Operations research (OR) is a scientific discipline concerned with the development and application of optimization methods based on mathematical modeling and various heuristic approaches.
Operations research methods are applied in situations where a purposeful undertaking needs to be organized and can be carried out in more than one way — that is, where a decision must be chosen from a number of possible alternatives. Each alternative has certain advantages and disadvantages, and given the prevailing circumstances, it is not immediately clear which alternative is preferable and why.
The goal of operations research is to provide a preliminary quantitative justification for optimal decisions, grounded in a measure of effectiveness. The actual making of the decision lies outside the scope of operations research and falls within the competence of the responsible decision-maker (DM).
Operations research methods are effective for well-structured problems. Well-structured (or well-formalizable) problems admit a quantitative formulation; their most essential dependencies are expressed by formal models and represented in symbolic form, where the symbols take numerical values. The methodology of operations research, in addition to computation, pays close attention to the process of problem formulation, the choice of mathematical models, and the interpretation and comprehension of the computational results.
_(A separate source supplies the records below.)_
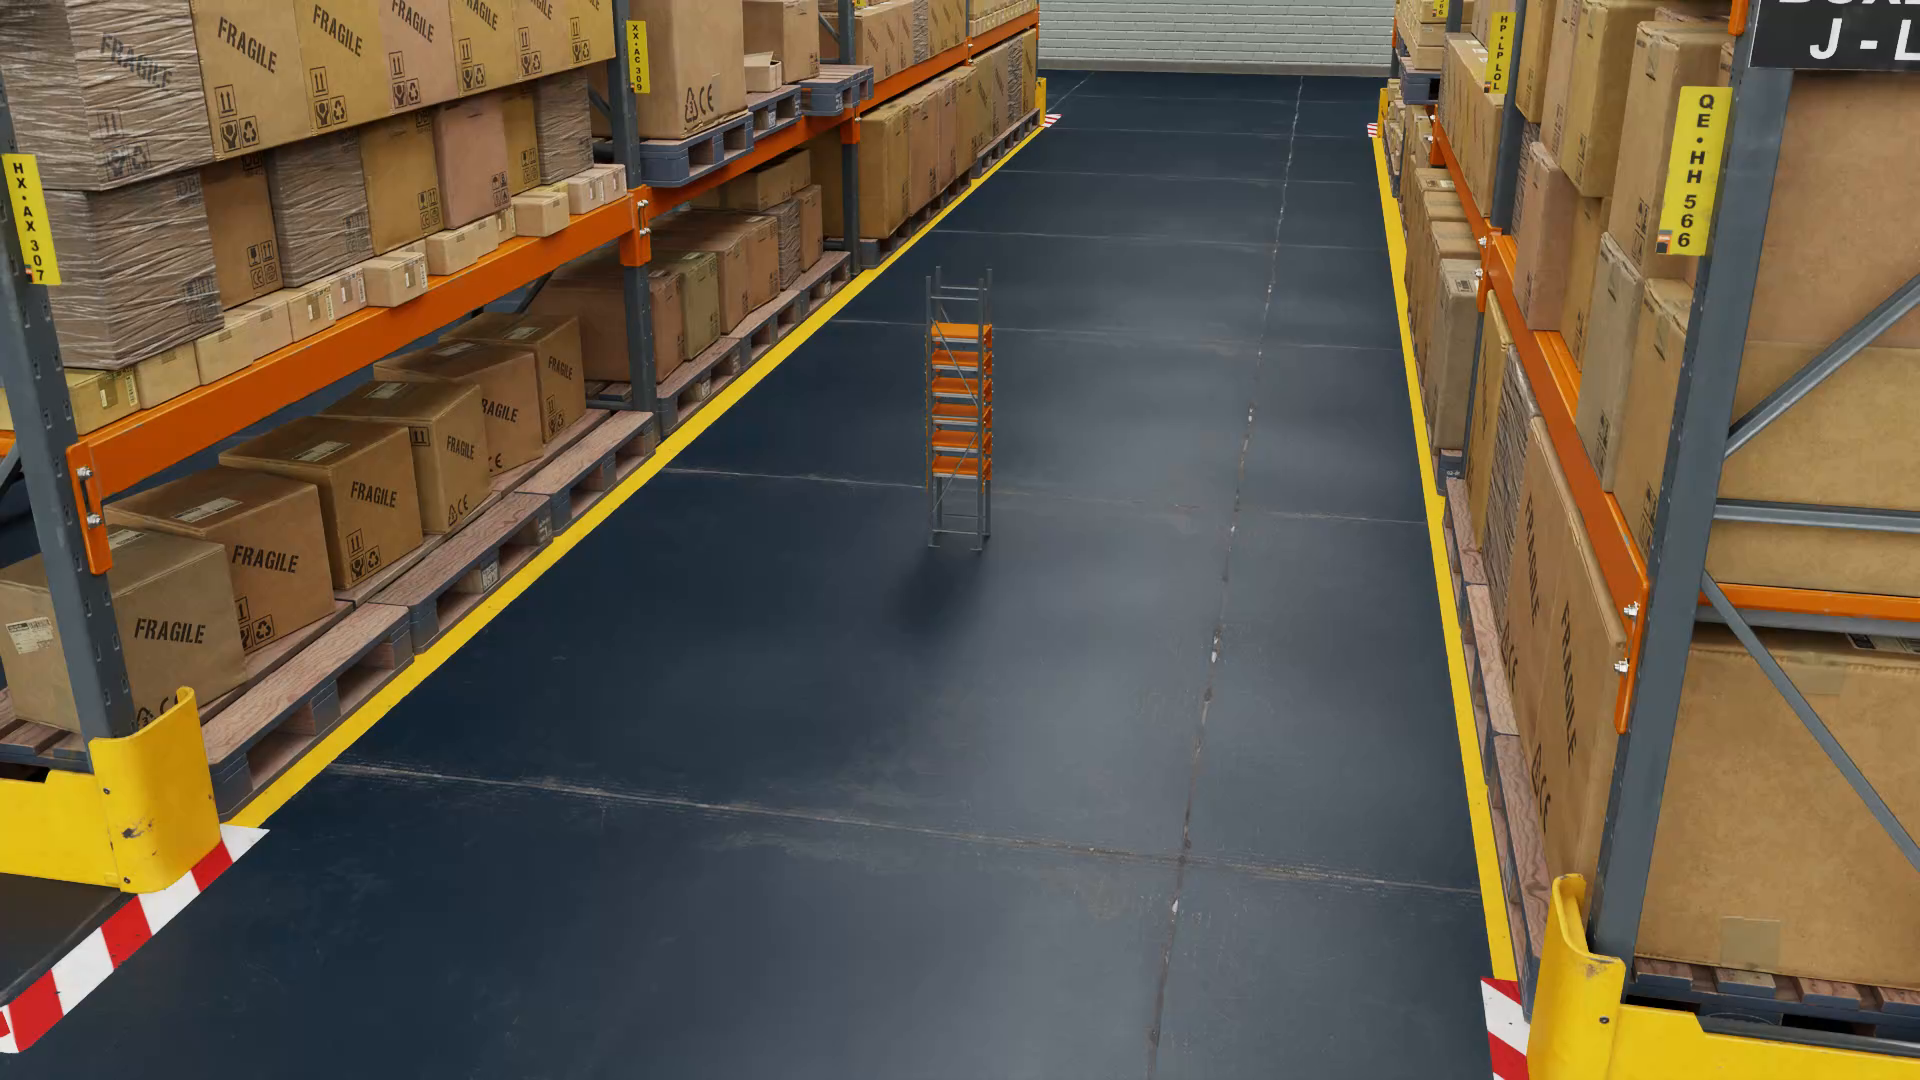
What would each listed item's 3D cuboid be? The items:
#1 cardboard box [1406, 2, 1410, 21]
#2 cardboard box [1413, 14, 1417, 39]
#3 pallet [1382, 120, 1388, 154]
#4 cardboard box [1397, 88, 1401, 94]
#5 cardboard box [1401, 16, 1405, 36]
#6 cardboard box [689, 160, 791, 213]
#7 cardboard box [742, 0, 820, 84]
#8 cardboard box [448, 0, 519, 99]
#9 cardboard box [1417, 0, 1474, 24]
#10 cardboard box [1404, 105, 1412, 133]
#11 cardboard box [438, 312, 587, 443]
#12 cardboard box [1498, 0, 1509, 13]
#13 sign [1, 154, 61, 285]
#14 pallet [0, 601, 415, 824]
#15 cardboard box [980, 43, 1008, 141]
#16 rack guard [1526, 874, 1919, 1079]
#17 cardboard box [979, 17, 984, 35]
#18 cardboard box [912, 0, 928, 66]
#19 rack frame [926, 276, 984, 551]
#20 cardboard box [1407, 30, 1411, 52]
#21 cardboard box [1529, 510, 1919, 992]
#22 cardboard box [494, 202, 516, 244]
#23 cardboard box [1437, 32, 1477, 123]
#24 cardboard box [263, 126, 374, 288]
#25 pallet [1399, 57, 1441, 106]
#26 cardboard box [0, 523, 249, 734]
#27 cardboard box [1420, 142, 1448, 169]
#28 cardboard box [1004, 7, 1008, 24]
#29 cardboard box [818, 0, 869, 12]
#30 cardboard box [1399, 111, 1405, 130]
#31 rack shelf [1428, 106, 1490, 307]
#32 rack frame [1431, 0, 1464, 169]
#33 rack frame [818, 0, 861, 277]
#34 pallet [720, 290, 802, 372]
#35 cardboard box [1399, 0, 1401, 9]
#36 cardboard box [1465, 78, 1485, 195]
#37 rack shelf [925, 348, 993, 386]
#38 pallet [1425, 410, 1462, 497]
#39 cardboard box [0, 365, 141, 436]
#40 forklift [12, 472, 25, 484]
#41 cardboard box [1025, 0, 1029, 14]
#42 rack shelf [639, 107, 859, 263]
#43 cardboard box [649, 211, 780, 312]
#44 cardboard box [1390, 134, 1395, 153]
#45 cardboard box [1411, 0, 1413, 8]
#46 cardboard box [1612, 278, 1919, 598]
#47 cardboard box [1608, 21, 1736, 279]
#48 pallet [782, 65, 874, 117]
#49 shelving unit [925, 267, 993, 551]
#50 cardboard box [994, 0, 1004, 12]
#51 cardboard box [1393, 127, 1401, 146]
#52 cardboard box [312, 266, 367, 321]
[{"bbox_3d":[3.626,-4.044,12.754,0.380,0.149,0.250,4,22,10],"label":"cardboard box"},{"bbox_3d":[3.362,-3.579,11.602,0.380,0.149,0.250,5,22,12],"label":"cardboard box"},{"bbox_3d":[5.020,-4.264,17.658,1.003,0.211,1.213,4,22,11],"label":"pallet"},{"bbox_3d":[4.711,-4.573,17.150,0.380,0.149,0.250,3,22,8],"label":"cardboard box"},{"bbox_3d":[3.731,-4.101,13.296,0.380,0.149,0.250,5,22,11],"label":"cardboard box"},{"bbox_3d":[-1.438,-2.319,10.850,0.500,0.250,0.500,7,23,17],"label":"cardboard box"},{"bbox_3d":[-1.319,-3.198,10.582,0.700,0.500,0.500,8,23,19],"label":"cardboard box"},{"bbox_3d":[-2.074,-2.003,6.441,0.500,0.500,0.500,4,22,11],"label":"cardboard box"},{"bbox_3d":[3.254,-3.522,11.062,0.380,0.149,0.250,4,22,9],"label":"cardboard box"},{"bbox_3d":[4.010,-3.550,13.932,0.500,0.250,0.500,3,22,9],"label":"cardboard box"},{"bbox_3d":[-2.169,-0.798,8.103,0.500,0.500,0.500,4,22,9],"label":"cardboard box"},{"bbox_3d":[3.193,-2.741,8.671,0.700,0.500,0.500,4,22,10],"label":"cardboard box"},{"bbox_3d":[-2.333,-0.803,4.174,0.100,0.325,0.005,4,22,11],"label":"sign"},{"bbox_3d":[-2.648,0.528,5.759,1.003,0.211,1.213,4,22,11],"label":"pallet"},{"bbox_3d":[-0.019,-4.605,17.055,0.875,0.875,0.875,4,22,11],"label":"cardboard box"},{"bbox_3d":[1.966,1.140,3.853,1.175,0.500,0.348,4,22,11],"label":"rack guard"},{"bbox_3d":[0.024,-4.894,15.826,0.380,0.149,0.250,4,22,9],"label":"cardboard box"},{"bbox_3d":[-0.558,-4.131,13.462,0.500,0.500,0.500,5,22,11],"label":"cardboard box"},{"bbox_3d":[-0.022,-0.518,7.033,0.240,1.200,0.006,4,22,11],"label":"rack frame"},{"bbox_3d":[3.466,-3.622,12.105,0.380,0.149,0.250,3,22,9],"label":"cardboard box"},{"bbox_3d":[2.044,0.510,4.354,0.875,0.875,0.875,5,22,11],"label":"cardboard box"},{"bbox_3d":[-2.096,-1.329,6.976,0.380,0.149,0.250,4,22,11],"label":"cardboard box"},{"bbox_3d":[3.247,-2.856,10.297,0.500,0.500,0.500,5,22,12],"label":"cardboard box"},{"bbox_3d":[-2.596,-1.198,5.781,0.875,0.500,0.500,4,22,11],"label":"cardboard box"},{"bbox_3d":[3.644,-3.133,11.375,1.213,0.211,1.003,4,22,11],"label":"pallet"},{"bbox_3d":[-2.720,0.295,5.391,0.500,0.500,0.500,9,24,21],"label":"cardboard box"},{"bbox_3d":[3.486,-2.607,11.591,0.500,0.250,0.500,4,22,10],"label":"cardboard box"},{"bbox_3d":[0.287,-5.368,17.004,0.380,0.149,0.250,4,22,9],"label":"cardboard box"},{"bbox_3d":[-1.067,-4.147,12.158,0.797,0.503,0.637,5,23,13],"label":"cardboard box"},{"bbox_3d":[4.294,-3.903,15.487,0.380,0.149,0.250,4,22,10],"label":"cardboard box"},{"bbox_3d":[3.195,-1.889,8.991,1.077,0.370,4.000,4,22,11],"label":"rack shelf"},{"bbox_3d":[3.603,-2.954,10.672,1.000,3.000,0.127,4,22,11],"label":"rack frame"},{"bbox_3d":[-1.232,-3.369,11.703,1.000,3.000,0.127,4,22,11],"label":"rack frame"},{"bbox_3d":[-1.644,-1.345,10.410,1.003,0.211,1.213,4,22,11],"label":"pallet"},{"bbox_3d":[3.889,-4.524,13.947,0.380,0.149,0.250,5,22,12],"label":"cardboard box"},{"bbox_3d":[2.735,-1.933,8.005,0.500,0.500,0.500,4,22,10],"label":"cardboard box"},{"bbox_3d":[-0.003,-0.733,7.043,0.258,0.103,0.180,4,22,11],"label":"rack shelf"},{"bbox_3d":[2.871,-0.485,8.276,1.003,0.211,1.213,4,22,11],"label":"pallet"},{"bbox_3d":[-2.573,-0.412,4.699,0.380,0.149,0.250,4,22,11],"label":"cardboard box"},{"bbox_3d":[-4.818,-1.177,6.354,1.130,2.935,3.031,5,23,13],"label":"forklift"},{"bbox_3d":[0.546,-5.835,18.164,0.380,0.149,0.250,5,22,11],"label":"cardboard box"},{"bbox_3d":[-1.640,-2.304,10.021,1.077,0.370,4.000,4,22,11],"label":"rack shelf"},{"bbox_3d":[-1.559,-1.755,10.453,0.700,0.500,0.500,6,23,15],"label":"cardboard box"},{"bbox_3d":[4.377,-3.837,16.119,0.380,0.149,0.250,4,22,11],"label":"cardboard box"},{"bbox_3d":[3.520,-3.995,12.235,0.380,0.149,0.250,6,23,14],"label":"cardboard box"},{"bbox_3d":[2.002,-0.237,3.725,0.875,0.550,0.550,4,22,11],"label":"cardboard box"},{"bbox_3d":[2.106,-0.939,4.024,0.875,0.550,0.550,4,22,11],"label":"cardboard box"},{"bbox_3d":[-1.273,-3.011,11.071,1.213,0.211,1.003,4,22,11],"label":"pallet"},{"bbox_3d":[-0.003,-0.551,7.116,0.258,1.200,0.189,4,22,11],"label":"shelving unit"},{"bbox_3d":[0.143,-5.423,16.607,0.500,0.250,0.500,5,22,12],"label":"cardboard box"},{"bbox_3d":[4.253,-3.766,15.544,0.380,0.149,0.250,4,22,9],"label":"cardboard box"},{"bbox_3d":[-2.324,-0.870,5.835,0.380,0.149,0.250,4,22,11],"label":"cardboard box"}]

Much of the work in operations research is based on mathematical programming methods. Unlike purely mathematical methods, these provide tools for problem formulation, yield a feasible solution region and solution alternatives. Furthermore, a mathematical programming model can account for multiple criteria (in the form of an objective function and constraints), which enhances the objectivity of decision-making.
Alongside the branch oriented toward mathematical programming models, operations research also encompasses methods and models grounded in mathematical statistics and probability theory. The methods of operations research also include game theory, mathematical logic, graph theory, and other methods of discrete mathematics.
As a result, a number of distinct branches of operations research have emerged, each grounded in the application of different methods: inventory control, equipment replacement, resource allocation, and scheduling — that is, problem classes rooted in the principal formulations of mathematical programming — as well as queueing theory, game-theoretic models of conflict and competition, and others.